The group elaborate: “She can thank Boris Johnson for that one. Recovering from COVID-19, he made reference and contradicted the quote, saying that ‘There is such a thing as society.’ It was crazy to hear him wipe Thatcher’s dogma off the table for a short punch line. In the turmoil of the lockdown, some have seen this as a sign of imminent change. If Thatcher is the symbol of cruel ideology, then Johnson is the symbol of an even crueler post-ideological attitude that has its roots in that past.”

The group take a look at the Iron Lady one more time, using footage that they stumbled upon of her visiting the iconic Wedding Palace in Tbilisi during the Soviet era. They mixed the pictures with a track from their friend  Matthias Lehrberger, who goes by the name ‘Auf dem Weg ins Kaufhaus erledigt ich noch einen kleinen Hauskauf’. 
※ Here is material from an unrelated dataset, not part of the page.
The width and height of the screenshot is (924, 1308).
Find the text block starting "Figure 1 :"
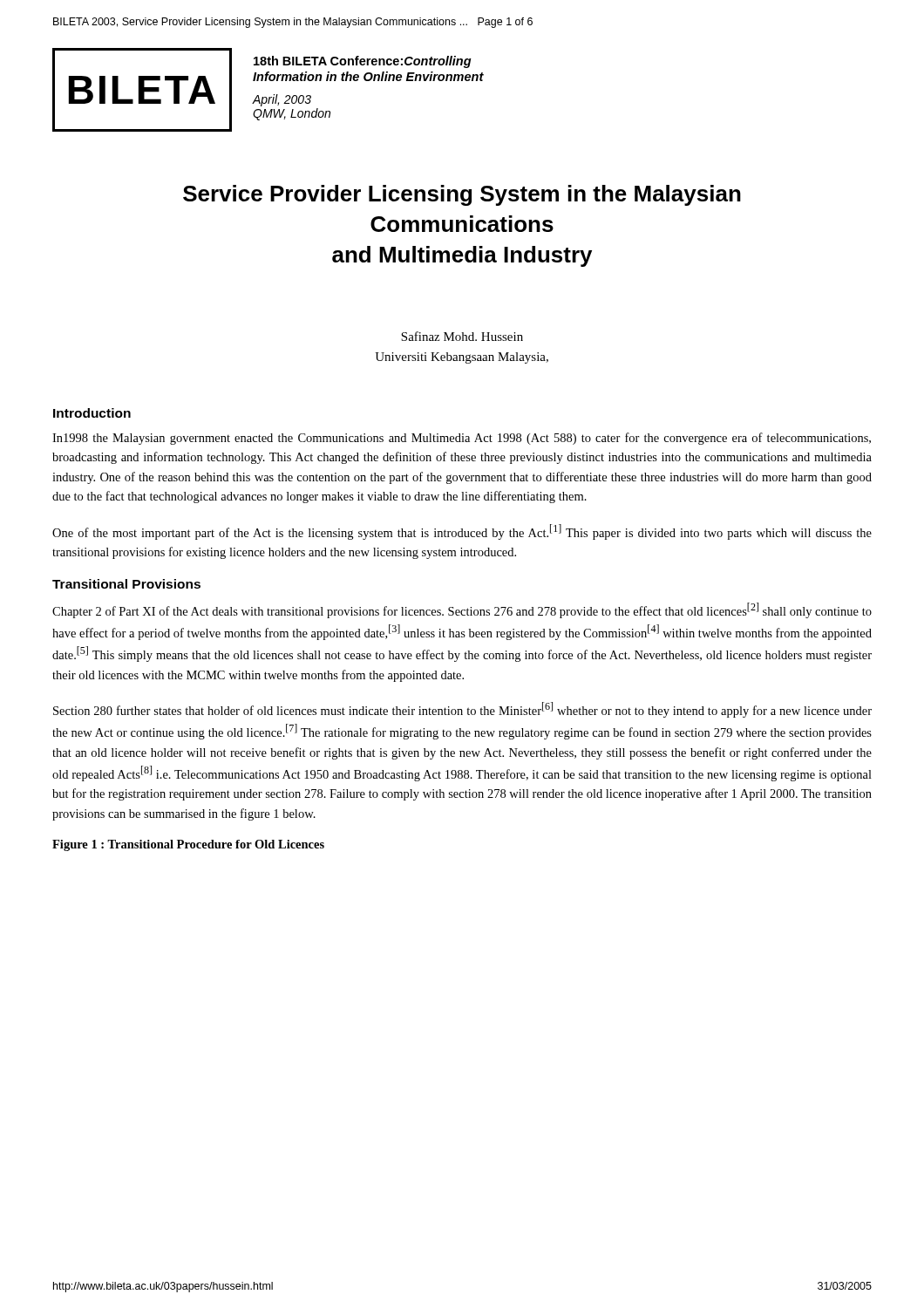(x=188, y=844)

“Suddenly there was this vibe that reminded us a bit of the HBO series Chernobyl. A provocation, sure. But the unholy marriage of neoliberalism and post-communism in a building typology replacing religious rituals built by Soviets? All the meanings depicted in the original footage itself and their spatializations tell many crazy stories at once.”

The video titled Corporate Rococo is based on a term coined by artist Stephan Dillemuth. Paraphrasing Dillemuth, the video underlines that ‘we are facing a new form of counter-enlightenment’, in which a ‘new courtly culture is emerging’.
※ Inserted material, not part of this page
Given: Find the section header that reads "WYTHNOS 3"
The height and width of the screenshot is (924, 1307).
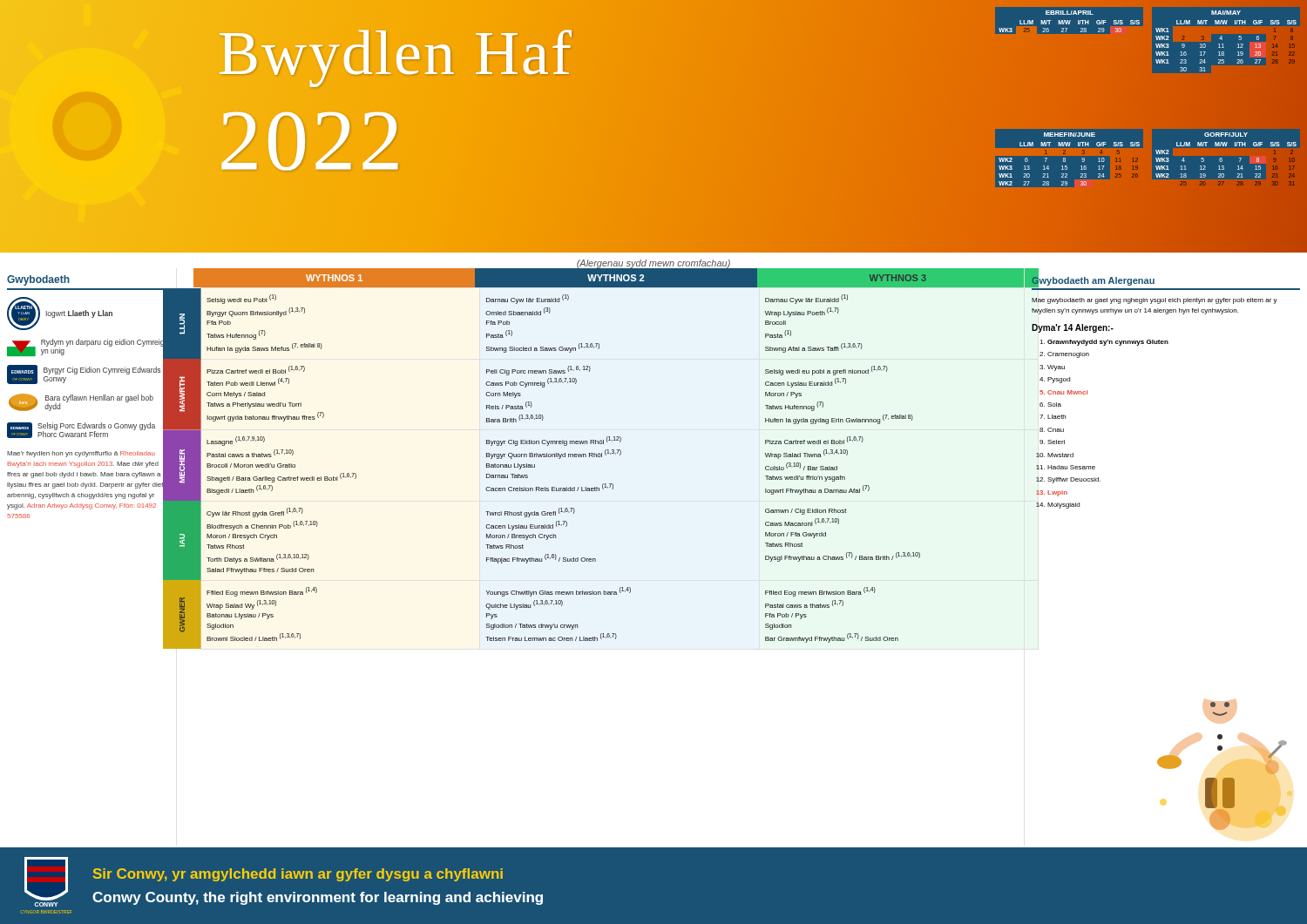Looking at the screenshot, I should coord(898,278).

The piece goes on to critique ‘how ‘architects and artists take the role of cheerleaders’ while ‘allegedly socially dedicated or politically motivated artists collagulate into decorative patterns in an ornament of power’. 
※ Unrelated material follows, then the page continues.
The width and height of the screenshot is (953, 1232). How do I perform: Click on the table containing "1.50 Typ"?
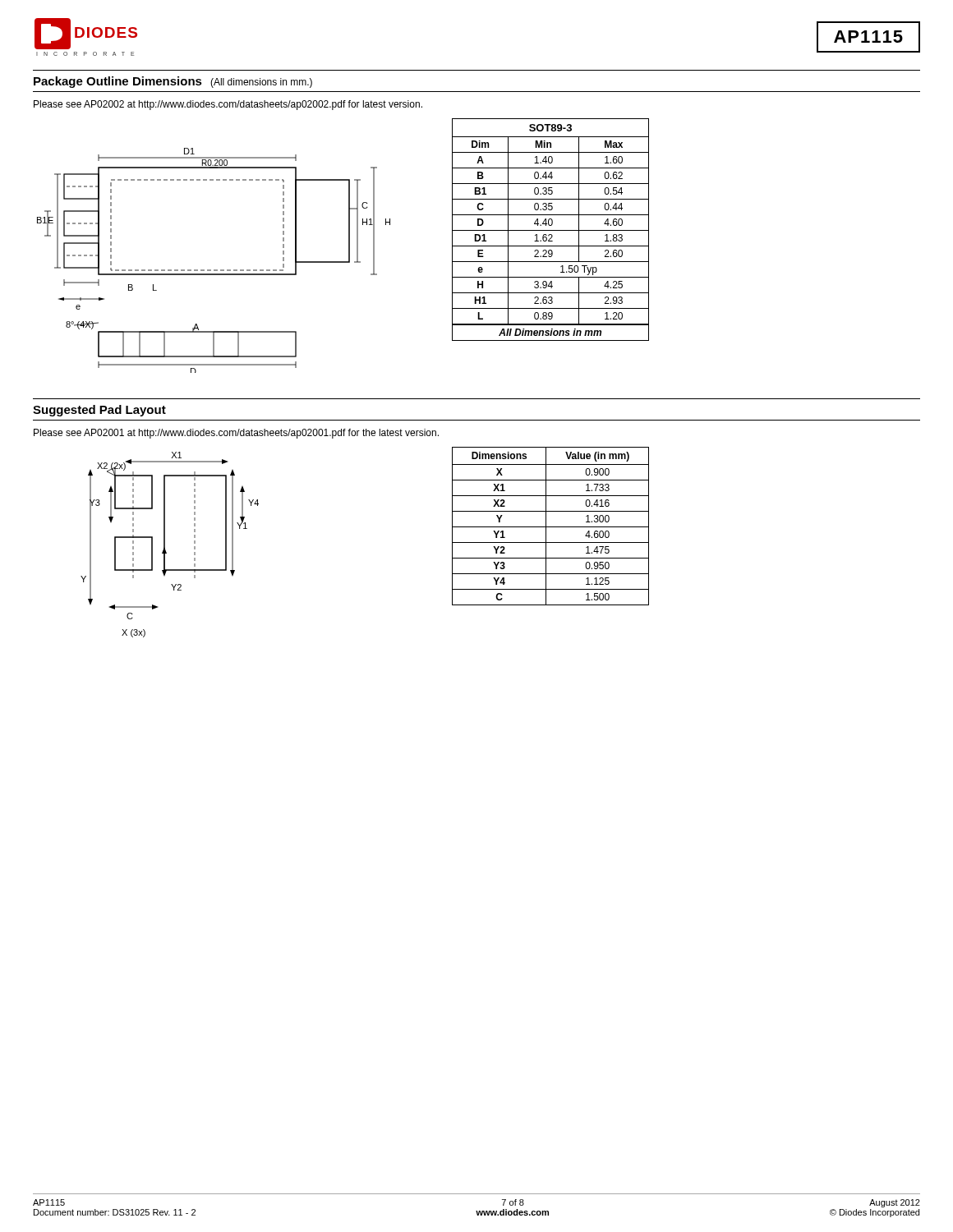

The statements do not refrain from posing the question of whether it is possible to operate outside of this structure. Half-mocking, the group answer: “No! Everything totalitarian, for example, justifies itself with the pure existence of the counter-protest: Look how important it is that we keep order! See how tolerant we are of disorder in the first place! It is impressive or rather frightening how quickly every disturbance is now aesthetically absorbed by the larger pattern.”

They are certain that they would like to have a role in building for communities, but for now are preoccupied enough with smaller private projects and working virtually.

Alongside their partnership with Tbilisi Architecture Biennale, the group made a spin-off of four clips for Berlin Brandenburg 2040, and another project together with TAB in collaboration with Future Architecture Platform.

“I think we, like our clients, are so far satisfied with what we do together. But of course the importance of cultural capital cannot be hushed up. Before c/o now, we already had the opportunity to collect cultural capital in Berlin. Sometimes it is already cultural capital just to be from Berlin, and cheerleading is the supreme discipline of contemporary culture.”